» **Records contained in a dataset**
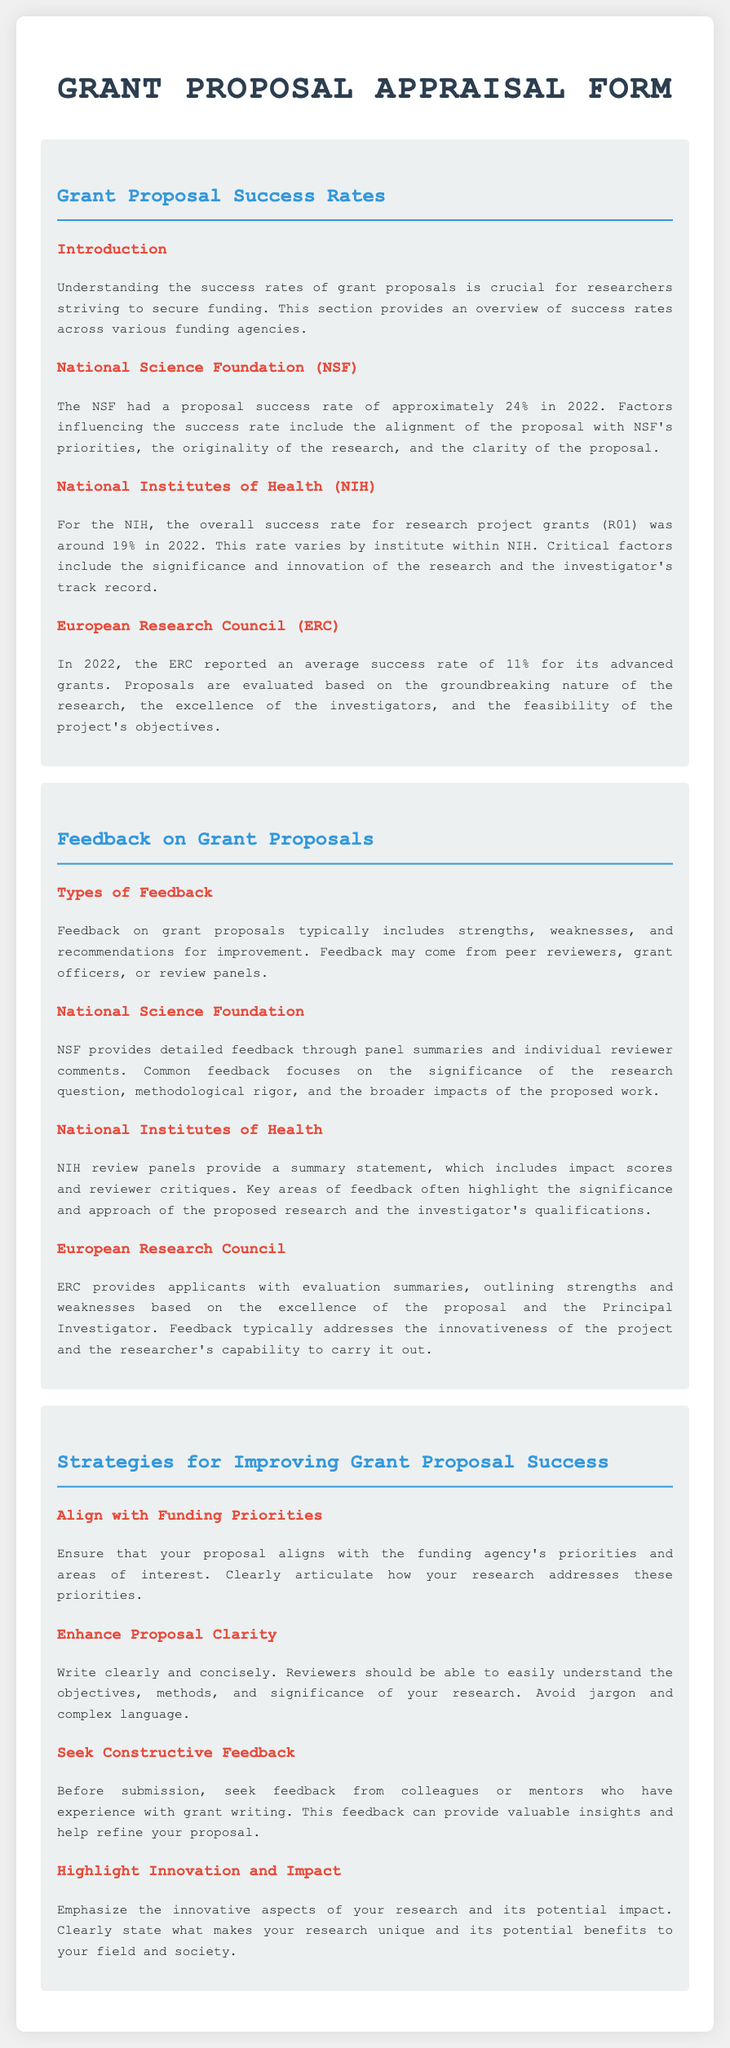What was the NSF proposal success rate in 2022? The document states that the NSF had a proposal success rate of approximately 24% in 2022.
Answer: 24% What is the NIH overall success rate for research project grants (R01) in 2022? According to the document, the overall success rate for NIH research project grants (R01) was around 19% in 2022.
Answer: 19% What average success rate did the ERC report for its advanced grants in 2022? The ERC reported an average success rate of 11% for its advanced grants in 2022.
Answer: 11% Which factor is crucial for the NSF according to the feedback section? The document mentions that common feedback for NSF often focuses on the significance of the research question.
Answer: Significance What type of statement does NIH provide to applicants? The document indicates that NIH review panels provide a summary statement to applicants.
Answer: Summary statement What strategy is suggested for enhancing proposal clarity? The document recommends writing clearly and concisely to enhance proposal clarity.
Answer: Write clearly and concisely What should proposals emphasize according to the strategies section? Proposals should emphasize the innovative aspects of the research according to the document.
Answer: Innovative aspects What type of feedback is provided by the ERC? The document states that ERC provides applicants with evaluation summaries outlining strengths and weaknesses.
Answer: Evaluation summaries Which funding agency had the highest proposal success rate in 2022? The NSF had the highest proposal success rate of approximately 24% in 2022 among the agencies mentioned.
Answer: NSF 
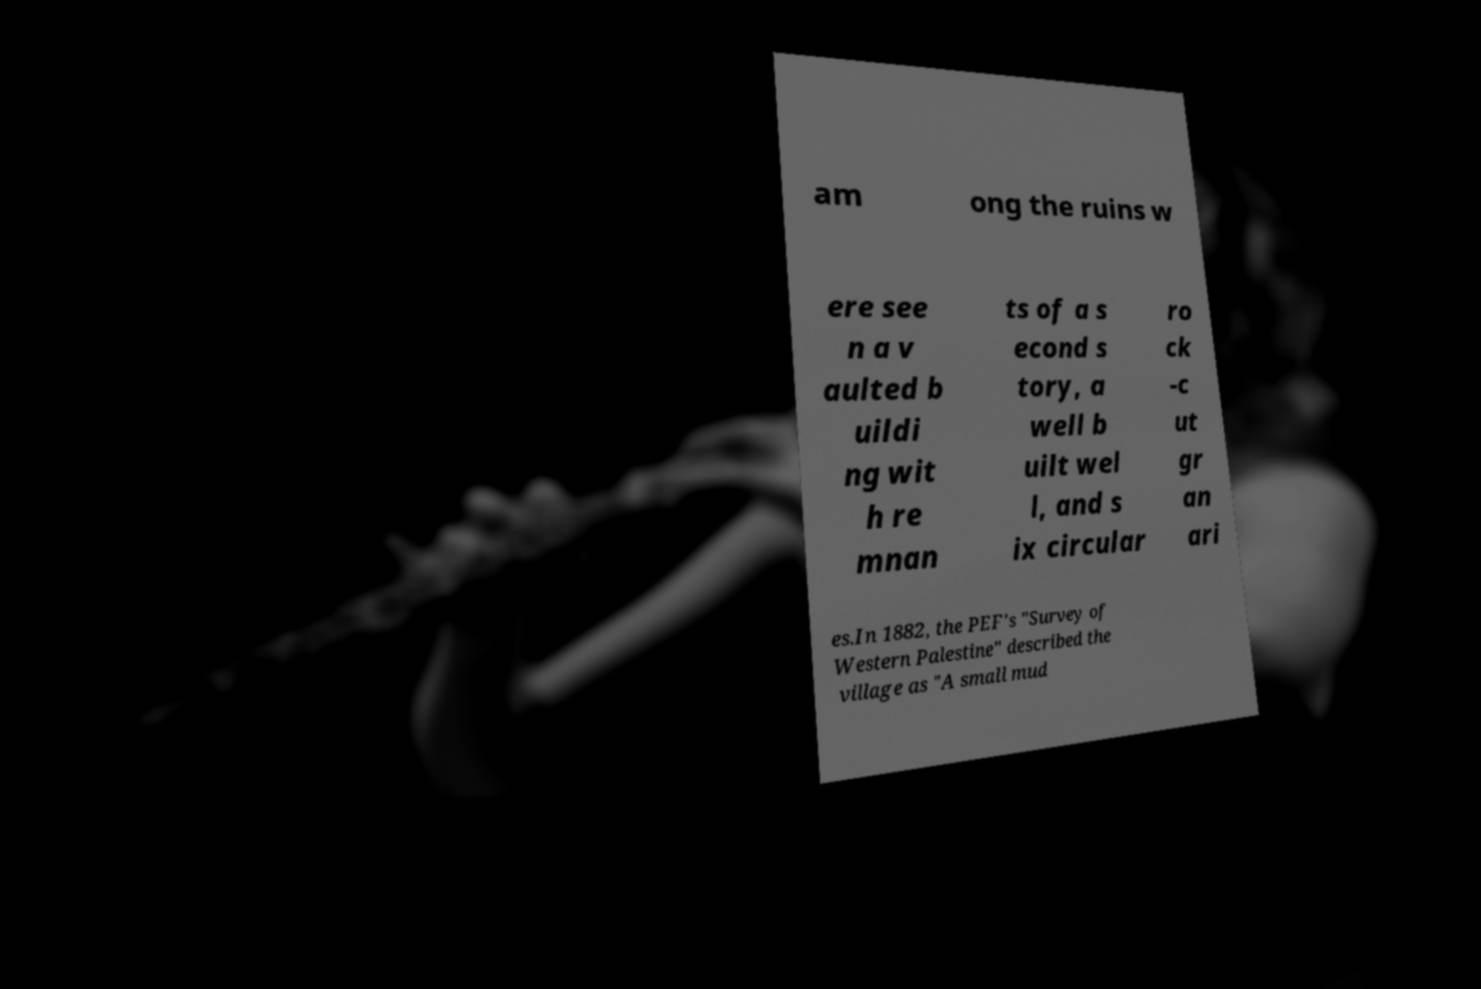I need the written content from this picture converted into text. Can you do that? am ong the ruins w ere see n a v aulted b uildi ng wit h re mnan ts of a s econd s tory, a well b uilt wel l, and s ix circular ro ck -c ut gr an ari es.In 1882, the PEF's "Survey of Western Palestine" described the village as "A small mud

» **Description of the task**
Your reply should be the entries above, repeated exactly and free of pictures.

» **Solution**
What was the NSF proposal success rate in 2022? The document states that the NSF had a proposal success rate of approximately 24% in 2022.
Answer: 24% What is the NIH overall success rate for research project grants (R01) in 2022? According to the document, the overall success rate for NIH research project grants (R01) was around 19% in 2022.
Answer: 19% What average success rate did the ERC report for its advanced grants in 2022? The ERC reported an average success rate of 11% for its advanced grants in 2022.
Answer: 11% Which factor is crucial for the NSF according to the feedback section? The document mentions that common feedback for NSF often focuses on the significance of the research question.
Answer: Significance What type of statement does NIH provide to applicants? The document indicates that NIH review panels provide a summary statement to applicants.
Answer: Summary statement What strategy is suggested for enhancing proposal clarity? The document recommends writing clearly and concisely to enhance proposal clarity.
Answer: Write clearly and concisely What should proposals emphasize according to the strategies section? Proposals should emphasize the innovative aspects of the research according to the document.
Answer: Innovative aspects What type of feedback is provided by the ERC? The document states that ERC provides applicants with evaluation summaries outlining strengths and weaknesses.
Answer: Evaluation summaries Which funding agency had the highest proposal success rate in 2022? The NSF had the highest proposal success rate of approximately 24% in 2022 among the agencies mentioned.
Answer: NSF 
I need the written content from this picture converted into text. Can you do that? am ong the ruins w ere see n a v aulted b uildi ng wit h re mnan ts of a s econd s tory, a well b uilt wel l, and s ix circular ro ck -c ut gr an ari es.In 1882, the PEF's "Survey of Western Palestine" described the village as "A small mud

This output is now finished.